Time on Therapy Ratio. DOPT, WBC, albumin, and uric acid, were associated with Time on therapy ratio (Right panel of Table 2a). Only albumin and whether the therapy was targeted had negative effects and only albumin and WBC exhibited random effects (Table 3, 2nd panel).
90-Day Mortality. WBC, albumin, LDH, hemoglobin, BMI, DOPT and lymphocyte count were associated with 90-day mortality (left columns of Table 2b). Albumin, hemoglobin, BMI, DOPT, and lymphocyte count all had negative associations. BMI and DOPT did not exhibit random effects, but all the other predictor variables did (3rd column of Table 3).
Grade 5 Toxicity. Albumin, WBC, hemoglobin, and ECOG2 assessment were associated with grade 5 toxicity with albumin and hemoglobin exhibiting negative associations (right panel of Table 2b).
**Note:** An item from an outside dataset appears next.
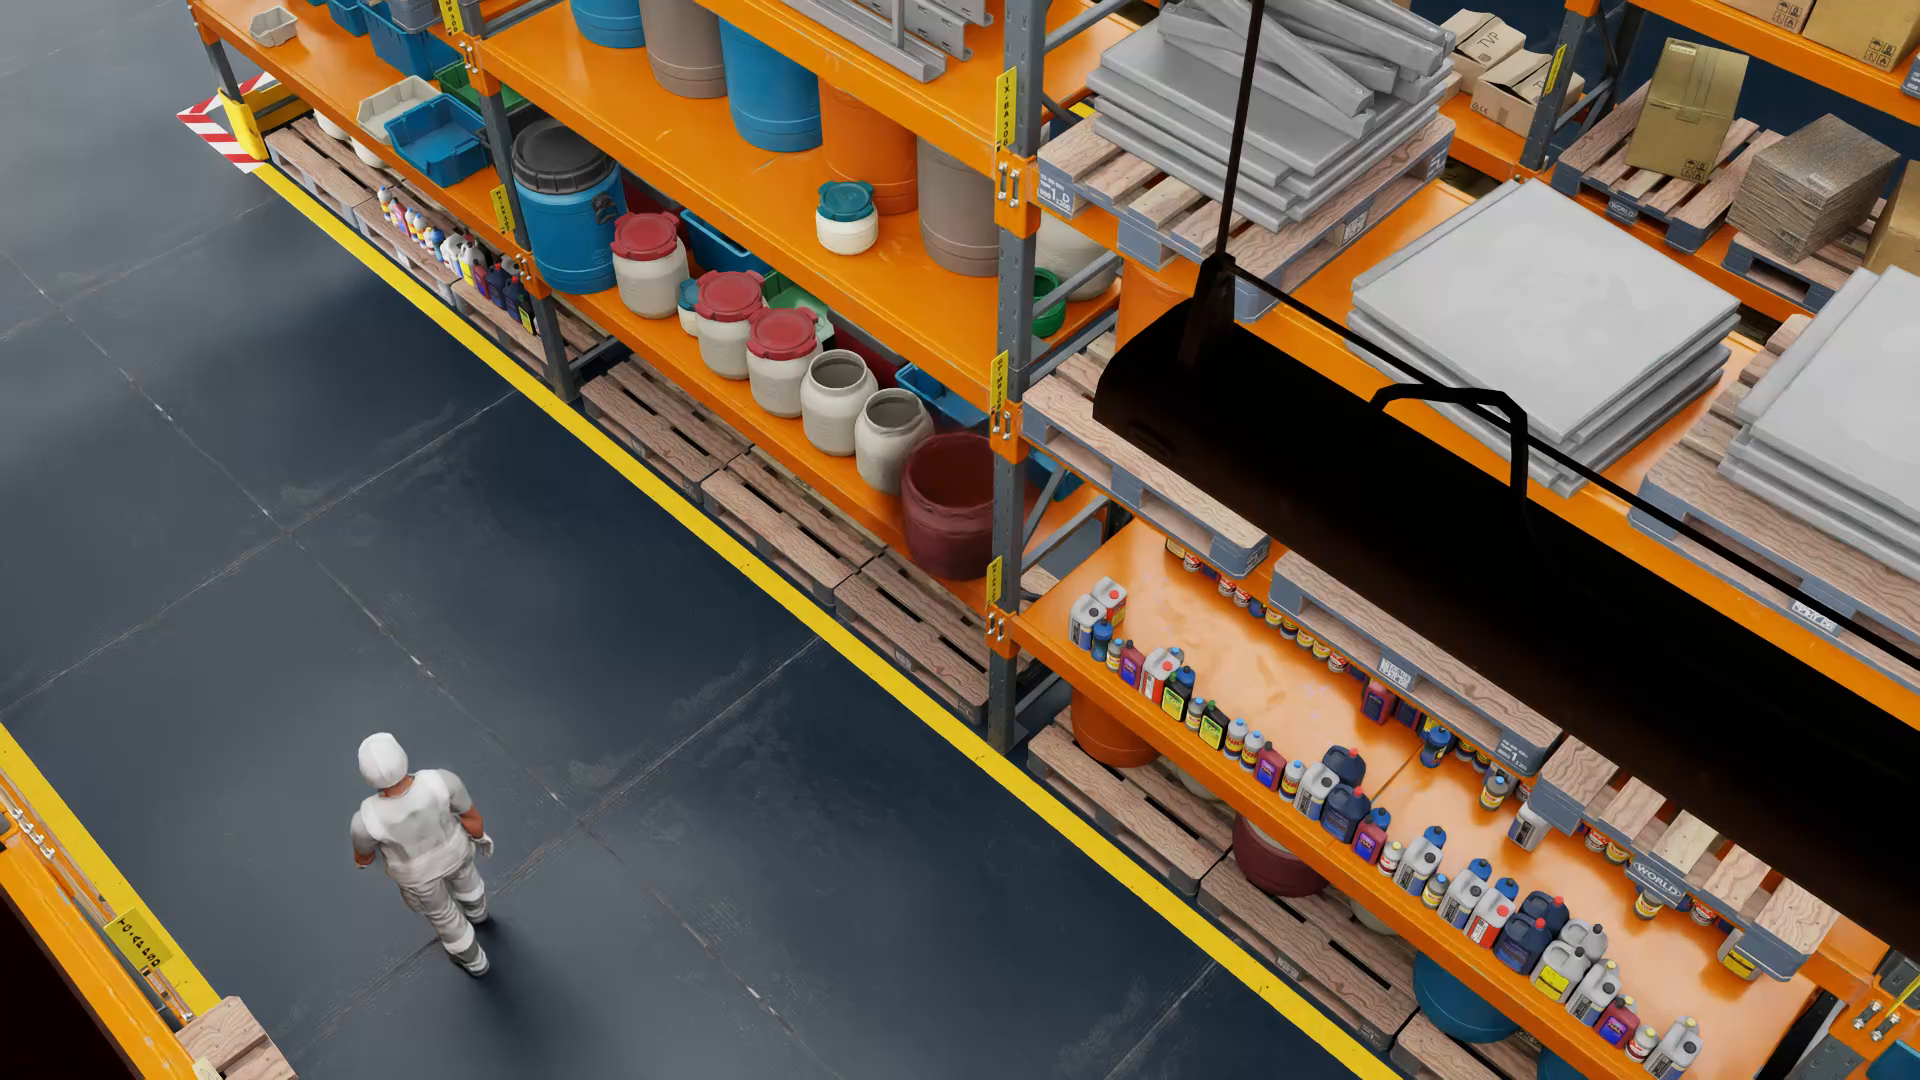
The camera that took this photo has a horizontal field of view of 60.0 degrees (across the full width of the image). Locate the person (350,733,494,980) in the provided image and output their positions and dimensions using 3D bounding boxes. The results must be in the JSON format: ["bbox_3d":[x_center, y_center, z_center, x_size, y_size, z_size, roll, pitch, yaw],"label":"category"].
[{"bbox_3d":[-2.574,1.500,7.991,0.591,1.836,0.572,-27,55,-21],"label":"person"}]

Albumin, WBC and hemoglobin also exhibited random effects (last column of Table 3).
Sensitivity Analysis
We considered the potential influence of the use of imputed data on our results [33]. Supplementary Fig. 2 provides the results and suggests there was no overt difference as a comparison of models using participants with and without imputed values did not reveal any notable and consistent differences based on the various metrics for accuracy. Supplementary Table 10 has the results for the 90-day mortality analyses. Results for the other outcomes are not shown but are available upon request.
Example Predictions
We pursued example predictions based on the fixed effects from the final random effects models (Tables 2a and 2b; see Methods). Supplementary Table 11 provides the values used for the predictions as well as the coefficients used in the linear and logistic regression models. The code to produce the predictions is available from the authors but the use of the coefficients provided in Table 10 should be straightforward.